Chapter 2
LEVIN GOT ON HIS TWO-TREAD and, parting regretfully from the Pitbots, rode homeward.
He found Socrates pacing anxiously, looking through a newly delivered stack of mail. Levin rushed into the room with his wet and matted hair sticking to his forehead, and his back and chest grimed and moist. Despite his physical state, he was merry.
“We excavated four tunnels!” he announced buoyantly to his beloved-companion, who regarded him with a warily flickering eyebank. “And some maltuned Pitbot struck a hot one, and an explosion shook the mines, and the crater floor was buried in rock! And how have you been getting on?”
“Dirt! Grime! Filth! What do you look like?” said Socrates scoldingly for the first moment looking round with some dissatisfaction. “And the door, shut the door!” he cried. “You must have let in a dozen at least.”

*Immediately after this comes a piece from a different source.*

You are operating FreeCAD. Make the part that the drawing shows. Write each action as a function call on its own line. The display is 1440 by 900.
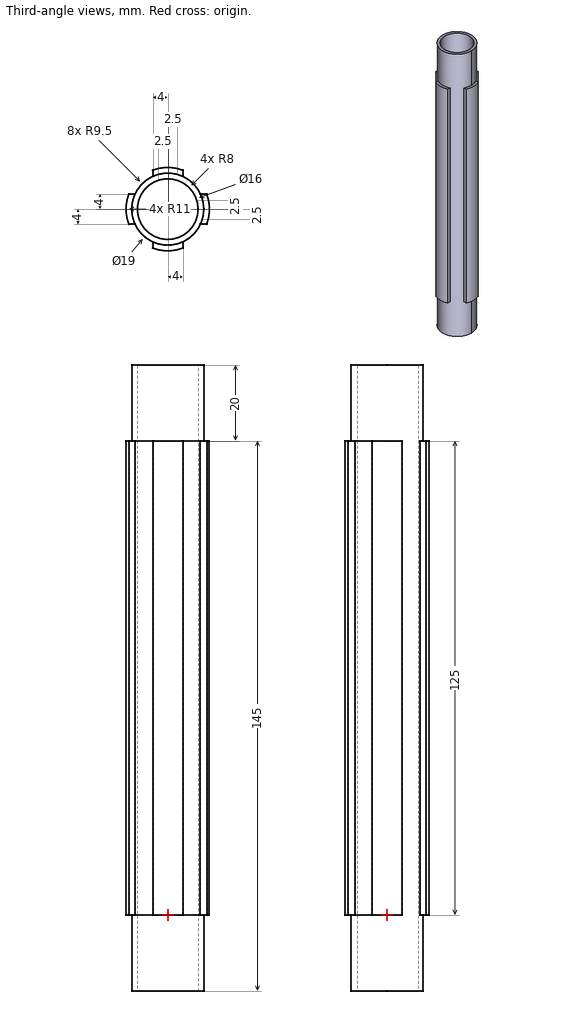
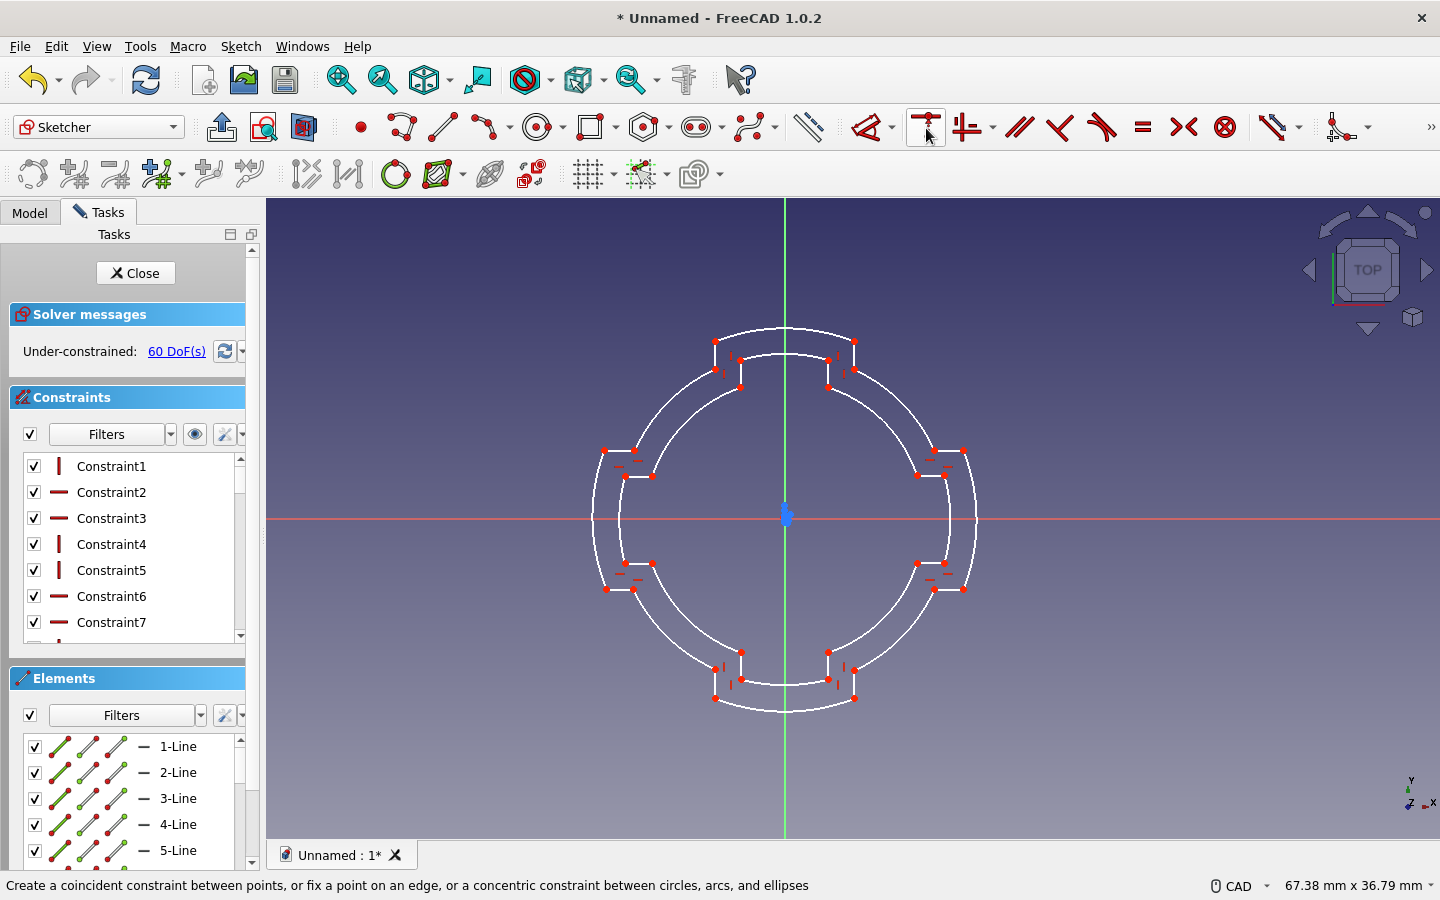
click(685, 387)

Socrates could not endure flies, for he had an inexplicable fear that one would fly into his joints and lay eggs, disabling him.
“Not one, on my honor,” Levin replied with a hearty laugh. “But if I have, I’ll catch them. You wouldn’t believe what a pleasure it is! How have you spent the day?”
Five minutes later the two old friends met in the dining room. Although it seemed to Levin that he was not hungry, when he began to eat, the dinner struck him as extraordinarily good.
A small red bulb alongside Socrates’ monitor lit up. “A communiqués has arrived for you,” the Class III said. The communiqué was from Oblonsky, and Socrates cued it for Levin to view:
“Dolly is at Ergushovo,” said the little hologrammatic vision of Oblosnky, “And everything seems to be going wrong there. Her I/Butterchurn/19 has exploded, the well is not running clear, and a II/MilkExtractor/47 had a disastrous accident. Poor Dolly, never mind the cow! Do ride over and see her, please; help her with advice; you know all about it. She will be so glad to see you. She’s quite alone, poor thing. My mother-in-law and all of them are still in orbit.”
“That’s capital! I will certainly ride over to her,” said Levin. “Or we’ll go together. Darya Alexandrovna is such a splendid woman, isn’t she? They’re not far from here! Twenty-five miles.”
“Thirty,” Socrates corrected, with a wry smile, for he knew what was already in his master’s mind: To meet with Dolly and find out news of Kitty Shcherbatskaya.